-- Provided records follows --

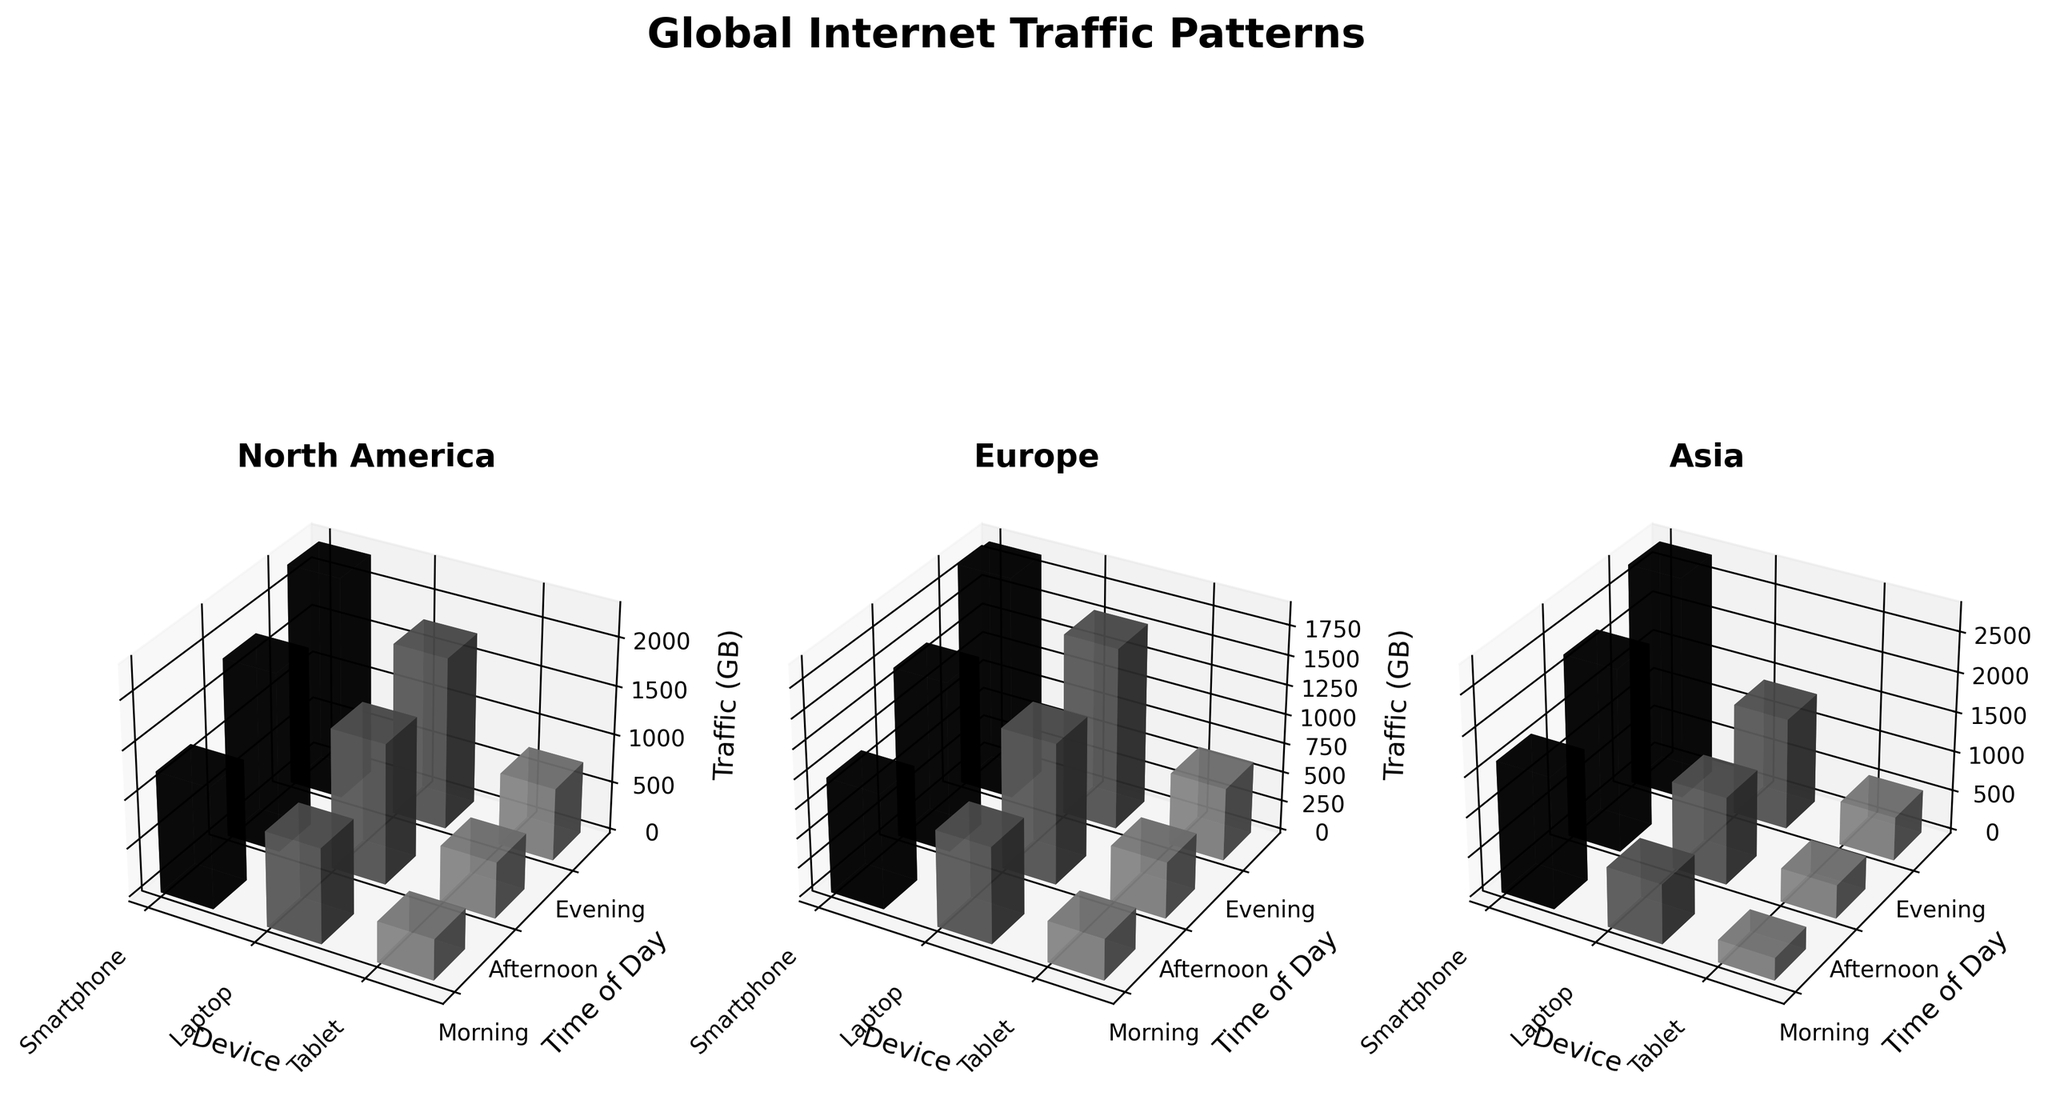What's the title of the figure? The title is typically located at the top of the figure and provides a high-level description of the plot. In this case, it's "Global Internet Traffic Patterns" as visible above the subplots.
Answer: Global Internet Traffic Patterns What are the axes labels for each subplot? For each subplot, the x-axis label is "Device," the y-axis label is "Time of Day," and the z-axis label is "Traffic (GB)." These labels are given in both 2D and 3D plots to explain what each axis represents.
Answer: Device, Time of Day, Traffic (GB) Which region has the highest traffic in the evening for smartphones? By examining the plot and focusing on the evening section for the smartphone bars in each subplot, you can identify that Asia has the highest bar, representing the highest traffic.
Answer: Asia What is the traffic for laptops in North America during the afternoon? Locate the plot for North America, find the afternoon section, and look for the height of the bar for laptops. The label or the bar height indicates the traffic (GB). It's 1450 GB.
Answer: 1450 GB Compare the morning traffic for tablets in Europe and Asia. Which region has greater traffic? Check the morning section for the tablet bars in both the Europe and Asia subplots. Europe has 350 GB while Asia has 280 GB, so Europe has greater traffic.
Answer: Europe What is the total traffic for smartphones in Asia throughout the day? Sum up the traffic values for smartphones in Asia at different times of the day: Morning (1650 GB) + Afternoon (2300 GB) + Evening (2800 GB). So, 1650 + 2300 + 2800 = 6750 GB.
Answer: 6750 GB Which device type in Europe has the lowest traffic in the afternoon? In the Europe subplot, look at the afternoon section and identify the device with the shortest bar. Tablets have the lowest traffic with 480 GB.
Answer: Tablets What is the difference in evening traffic for laptops between North America and Asia? The evening traffic for laptops in North America and Asia can be seen on their respective plots. North America has 1780 GB, and Asia has 1400 GB. The difference is 1780 - 1400 = 380 GB.
Answer: 380 GB What is the COMBINED traffic for tablets in North America in the morning and evening? Add the traffic values for tablets in North America during the morning (420 GB) and evening (750 GB). So, 420 + 750 = 1170 GB.
Answer: 1170 GB

-- Provided records concluded --

> What is required:
Each line from the one containing "Answer: Tablets What" to the last line above must be returned exactly, and no line outside that range.

> Task answer:
Answer: Tablets What is the difference in evening traffic for laptops between North America and Asia? The evening traffic for laptops in North America and Asia can be seen on their respective plots. North America has 1780 GB, and Asia has 1400 GB. The difference is 1780 - 1400 = 380 GB.
Answer: 380 GB What is the COMBINED traffic for tablets in North America in the morning and evening? Add the traffic values for tablets in North America during the morning (420 GB) and evening (750 GB). So, 420 + 750 = 1170 GB.
Answer: 1170 GB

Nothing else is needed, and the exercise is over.